Ce géant avait le don de rire avec les planètes –  
de se moquer de la gravité,  
de lancer sans compter combien de phrases musicales,  
de jouer au catch avec les anneaux de Saturne,  
de plaisanter avec Pluton.  

Si je pouvais vous projeter le film qui passe dans ma tête, 
je vous inviterais à y monter et vous désignerais mon meilleur fauteuil. Pas  d’entracte au programme 
(il faudra savoir être patient).  

Trente-six cordes révèlent un millier de couleurs en pleine floraison. 
Balayant les derniers rangs,  
elles se répandent dans toute la pièce  
avant d’en percer les murs de béton  
pour aller illuminer les rues de la ville.  
Ajuster une cheville, quand il s’accordait,  
lui suffisait à ouvrir votre esprit à un paysage de palettes oubliées. Chacun 
de ses doigts recourbés sur le manche  
dansait, aligné, à la poursuite de la Vérité.  

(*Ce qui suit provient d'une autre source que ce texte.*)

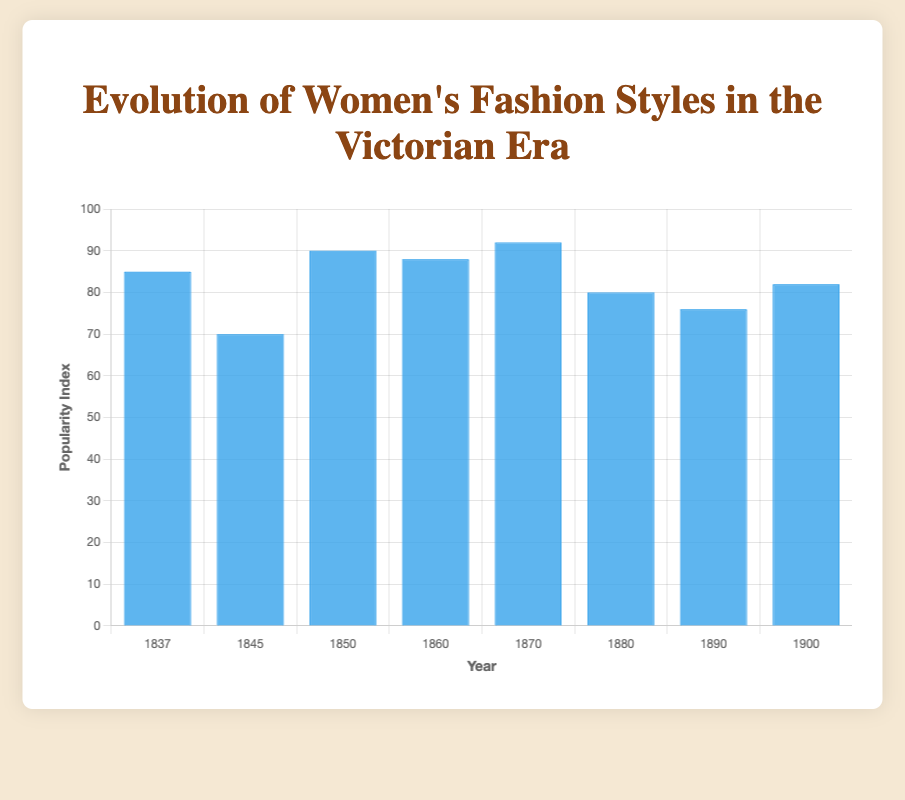Which year had the highest popularity index for Victorian fashion styles? The bar representing the year 1870 is the tallest, indicating the highest popularity index of 92.
Answer: 1870 Which year had a higher popularity index, 1860 or 1890? The bar for 1860 (Bodices) is taller than the bar for 1890 (Leg of Mutton Sleeves). The popularity index for 1860 is 88, and for 1890, it is 76.
Answer: 1860 By how many points does the popularity index of Crinolines in 1850 exceed that of Low Necklines in 1845? The popularity index for Crinolines in 1850 is 90 and for Low Necklines in 1845 is 70. The difference is 90 - 70.
Answer: 20 What's the average popularity index of Victorian fashion styles for the years 1837, 1845, 1850, and 1860? Adding the popularity indexes for these years: 85 (1837) + 70 (1845) + 90 (1850) + 88 (1860) = 333. Dividing by 4 gives 333 / 4.
Answer: 83.25 Which fashion style in 1880 had a popularity index lower than 1837? The bar for 1880 (Tighter Corsets) is shorter than the bar for 1837 (Gigot Sleeves). The popularity index for 1880 is 80, and for 1837, it is 85.
Answer: Tighter Corsets Arrange the years 1850, 1870, and 1900 in descending order of their popularity indexes. The popularity index for 1850 (Crinolines) is 90, for 1870 (Bustles) is 92, and for 1900 (S-Bend Corsets) is 82. Arranging them in descending order: 92, 90, 82.
Answer: 1870, 1850, 1900 What was the popularity index change from the style in 1880 to the style in 1900? The popularity index for 1880 (Tighter Corsets) is 80 and for 1900 (S-Bend Corsets) is 82. The change is 82 - 80.
Answer: 2 What is the median popularity index of the fashion styles listed? The popularity indexes in ascending order: 70, 76, 80, 82, 85, 88, 90, 92. The median is the average of the 4th and 5th values: (82 + 85) / 2.
Answer: 83.5 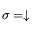<formula> <loc_0><loc_0><loc_500><loc_500>\sigma = \downarrow</formula>

Chaque note connaissait intimement ses voisines,  
celles du dessus, celles du dessous,  
la forte femme, là-haut, qui cuisinait trop épicé  
et le garçon de neuf ans, en bas, qui récitait des contes lointains 
sous la douce lumière de sa lampe,  
persuadé qu’il était le dernier éveillé.  

Nous nous sommes assis comme de jeunes garçons à un match
bien décidés à mettre la main sur le prochain ballon égaré, 
gelant dans le noir, salles de concert de Bombay –  
oublieux des excès de l’air conditionné 
nous attendions sur le bord de nos sièges délabrés, tout de bosses et 
de ressorts,  
prêts à recevoir les prix qui, nous le savions, nous étaient promis.  

Quel maigre droit d’entrée pour un tel spectacle :  
voir cet artiste rare dessiner sur ses cordes à coups d’archet,
créer des mondes ex nihilo  
écrire des contes épiques, parcourir de telles distances, 
convaincre un soleil couchant de se relever déjà.  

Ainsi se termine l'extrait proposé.